In the early 2000s. The Kazan Kremlin became the site of significant restoration work in preparation for the celebration of the city's millennium in August 2005. As part of the implementation of the federal target program “Preservation and Development of the Historical Center of Kazan” approved by the Government of the Russian Federation in 2001, work was carried out in the Kremlin to restore seven valuable objects, including: the Annunciation Cathedral, the Transfiguration Monastery, the Governor’s Palace, the Cannon Yard, etc. d. A huge new cathedral mosque, Kul-Sharif, was built, which became the symbolic successor to the main mosque of the same name in Khan’s Kazan, destroyed after the city was captured by the troops of Ivan the Terrible.

Since 1994, the Kazan Kremlin State Historical, Architectural and Art Museum-Reserve has been operating.
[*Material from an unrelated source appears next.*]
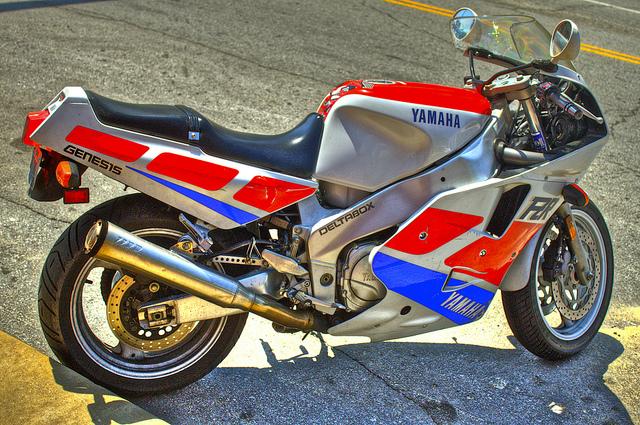Is this a Yamaha motorbike?
Keep it brief. Yes. What are the colors you see on the bike?
Concise answer only. Red silver blue. What model of bike is this?
Keep it brief. Yamaha. 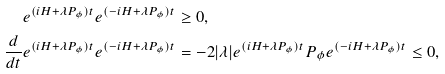Convert formula to latex. <formula><loc_0><loc_0><loc_500><loc_500>e ^ { ( i H + \lambda P _ { \phi } ) t } e ^ { ( - i H + \lambda P _ { \phi } ) t } & \geq 0 , \\ \frac { d } { d t } e ^ { ( i H + \lambda P _ { \phi } ) t } e ^ { ( - i H + \lambda P _ { \phi } ) t } & = - 2 | \lambda | e ^ { ( i H + \lambda P _ { \phi } ) t } P _ { \phi } e ^ { ( - i H + \lambda P _ { \phi } ) t } \leq 0 ,</formula>

The history of the creation of the Kazan Kremlin dates back to the 11th-12th centuries. Initially, the fortress was built as a defensive structure of Volga Bulgaria to protect against enemy attacks. Shopping arcades were located here, a mosque was built, and the main decoration of the square was the Kremlin. But everything was destroyed and burned in 1552 during an attack by the troops of Ivan the Terrible. After the conquest of Kazan, the new ruler ordered the Kremlin building to be rebuilt on Kazan Hill and the appearance of the administrative center to be restored.

In the 18th century, the Kazan Kremlin received the last enemy attack - Emelyan Pugachev in 1773 and defended its positions. The enemy retreated, but archaeologists still find the consequences of the destruction today.

After the creation of the Republic of Tatarstan in 1992, the Kazan Kremlin became the first residence of the president. Active work began to restore the cultural and historical heritage: buildings were restored, museum complexes. In 2000 unique museum under open air was listed cultural heritage UNESCO.

The main attractions of the Kremlin

One of the striking attractions of the Kazan Kremlin is the Kul Sharif Mosque. Built from snow-white marble, the mosque is decorated with blue domes and minarets. The mosque received its name in honor of the national hero of Tatarstan - Imam Khul Sharif. The imam took a direct part in defending the mosque during the attack by the troops of Ivan the Terrible and was killed. The mosque was burned and rebuilt for the 1000th anniversary of Kazan. Construction took 9 long years and became the main event in the capital's anniversary year. The Kul Sharif complex occupies an area of ​​about 19 thousand sq.m. and consists of a mosque, foundation stone and administrative building. The mosque can accommodate 1,500 people, and the surrounding area can accommodate up to 10,000 people.

The Spaso-Preobrazhensky Monastery and the Annunciation Cathedral of the Kazan Kremlin were built in the middle of the 16th century, the latter was rebuilt, reconstructed and restored several times. Currently, work is underway to connect these complexes to the Museum of Archeology of Tatarstan.

Another attraction of the Kazan Kremlin is the Siyumbike Tower, which is part of the Presidential Complex. The tower, 58 meters high, has a peculiar tilt to the side at 1.8 m from the axis. Thanks to the strengthening work carried out in 1998, it was possible to stop the fall of the tower.

Excursions around the Kazan Kremlin

The Kazan Kremlin is located in the central part of the capital of the republic. You can get here by public transport to the "TSUM" stop, or by metro to the "Kremlevskaya" station.

Entrance to the territory of the Kazan Kremlin is free for all visitors. Here you can order both group and individual tour. They will take you to all the important places and tell you a lot interesting information from the history of the fortress.